The conditions in which degradation processes at the positive electrode/electrolyte interface occur are still incompletely understood and traditional surface analytical techniques struggle to characterize and depict accurately interfacial films. In the present work, information on the growth and evolution of the interphases upon storage and cycling as well as their electrochemical consequences are gathered in the case of LiNi_1/2Mn_1/2O₂ with commonly used LiPF₆ (1 M in EC/DMC) electrolyte.

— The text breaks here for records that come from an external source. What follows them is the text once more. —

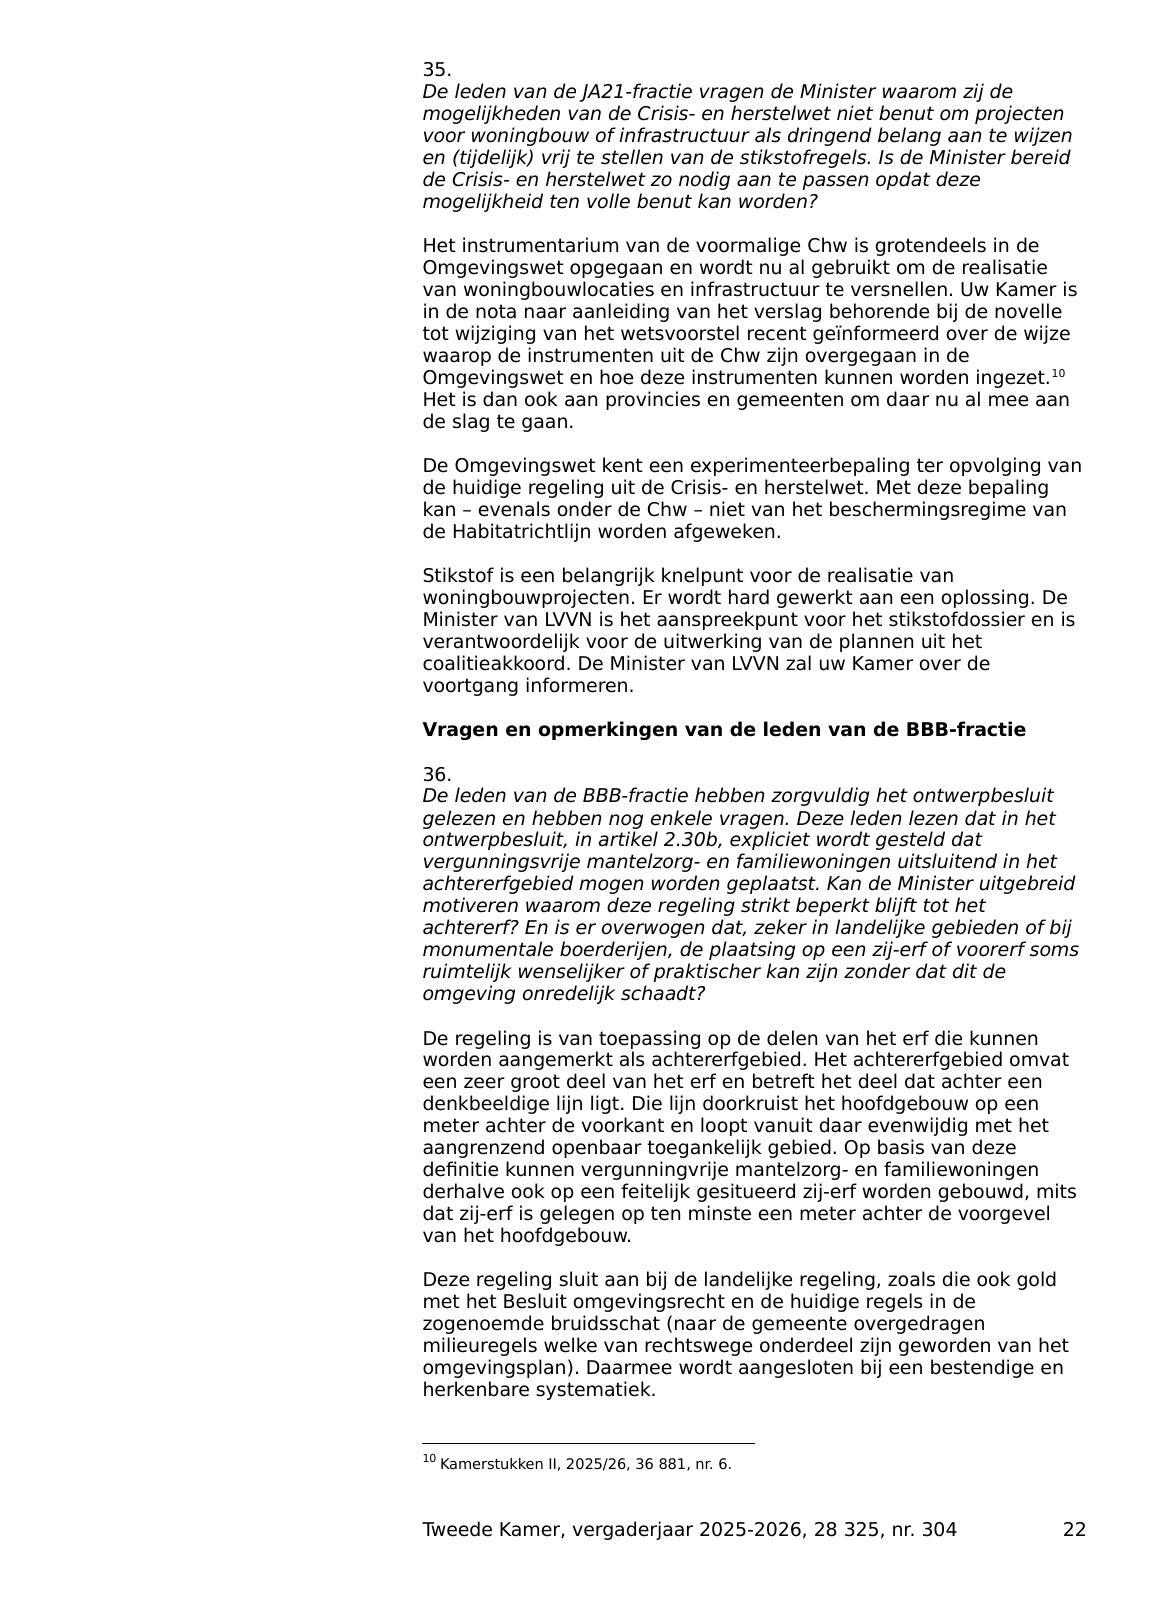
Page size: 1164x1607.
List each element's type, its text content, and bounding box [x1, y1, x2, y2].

text Stikstof is een belangrijk knelpunt voor de realisatie van woningbouwprojecten. Er wordt hard gewerkt aan een oplossing. De Minister van LVVN is het aanspreekpunt voor het stikstofdossier en is verantwoordelijk voor de uitwerking van de plannen uit het coalitieakkoord. De Minister van LVVN zal uw Kamer over de voortgang informeren. [422, 565, 1087, 697]
text De regeling is van toepassing op de delen van het erf die kunnen worden aangemerkt als achtererfgebied. Het achtererfgebied omvat een zeer groot deel van het erf en betreft het deel dat achter een denkbeeldige lijn ligt. Die lijn doorkruist het hoofdgebouw op een meter achter de voorkant en loopt vanuit daar evenwijdig met het aangrenzend openbaar toegankelijk gebied. Op basis van deze definitie kunnen vergunningvrije mantelzorg- en familiewoningen derhalve ook op een feitelijk gesitueerd zij-erf worden gebouwd, mits dat zij-erf is gelegen op ten minste een meter achter de voorgevel van het hoofdgebouw. [422, 1027, 1087, 1247]
text Het instrumentarium van de voormalige Chw is grotendeels in de Omgevingswet opgegaan en wordt nu al gebruikt om de realisatie van woningbouwlocaties en infrastructuur te versnellen. Uw Kamer is in de nota naar aanleiding van het verslag behorende bij de novelle tot wijziging van het wetsvoorstel recent geïnformeerd over de wijze waarop de instrumenten uit de Chw zijn overgegaan in de Omgevingswet en hoe deze instrumenten kunnen worden ingezet. Het is dan ook aan provincies en gemeenten om daar nu al mee aan de slag te gaan. [422, 235, 1087, 433]
text De leden van de JA21-fractie vragen de Minister waarom zij de mogelijkheden van de Crisis- en herstelwet niet benut om projecten voor woningbouw of infrastructuur als dringend belang aan te wijzen en (tijdelijk) vrij te stellen van de stikstofregels. Is de Minister bereid de Crisis- en herstelwet zo nodig aan te passen opdat deze mogelijkheid ten volle benut kan worden? [422, 81, 1087, 213]
text De Omgevingswet kent een experimenteerbepaling ter opvolging van de huidige regeling uit de Crisis- en herstelwet. Met deze bepaling kan – evenals onder de Chw – niet van het beschermingsregime van de Habitatrichtlijn worden afgeweken. [422, 455, 1087, 543]
subtitle Vragen en opmerkingen van de leden van de BBB-fractie [422, 719, 1087, 741]
text De leden van de BBB-fractie hebben zorgvuldig het ontwerpbesluit gelezen en hebben nog enkele vragen. Deze leden lezen dat in het ontwerpbesluit, in artikel 2.30b, expliciet wordt gesteld dat vergunningsvrije mantelzorg- en familiewoningen uitsluitend in het achtererfgebied mogen worden geplaatst. Kan de Minister uitgebreid motiveren waarom deze regeling strikt beperkt blijft tot het achtererf? En is er overwogen dat, zeker in landelijke gebieden of bij monumentale boerderijen, de plaatsing op een zij-erf of voorerf soms ruimtelijk wenselijker of praktischer kan zijn zonder dat dit de omgeving onredelijk schaadt? [422, 785, 1087, 1005]
text 35. [422, 59, 1087, 81]
text Kamerstukken II, 2025/26, 36 881, nr. 6. [422, 1452, 1087, 1474]
text Deze regeling sluit aan bij de landelijke regeling, zoals die ook gold met het Besluit omgevingsrecht en de huidige regels in de zogenoemde bruidsschat (naar de gemeente overgedragen milieuregels welke van rechtswege onderdeel zijn geworden van het omgevingsplan). Daarmee wordt aangesloten bij een bestendige en herkenbare systematiek. [422, 1269, 1087, 1401]
text 36. [422, 763, 1087, 785]

The use of ⁷Li, ¹⁹F and ³¹P MAS NMR, made quantitative through the implementation of empirical calibration, is combined with transmission electron microscopy (TEM) and electron energy loss spectroscopy (EELS) to probe the elements involved in surface species and to unravel the inhomogenous architecture of the interphase. At room temperature, contact with the electrolyte leads to a covering of the oxide surface first by LiF and lithiated organic species are found on the outer part of the interphase. At 55 掳C, not only the interphase proceeds in further covering of the surface but also thickens resulting in an increase of 240%of lithiated species and the presence of -POF₂ fluorophosphates. The composition gradient within the interphase depth is also strongly affected by the temperature.

In agreement with the electrochemical performance, quantitative NMR surface analyses show that the use of LiBOB-modified electrolyte results in a Li-enriched interphase, intrinsically less resistive than the standard LiPF₆-based interphase, comprised of a mixture of resistive LiF with non lithiated species.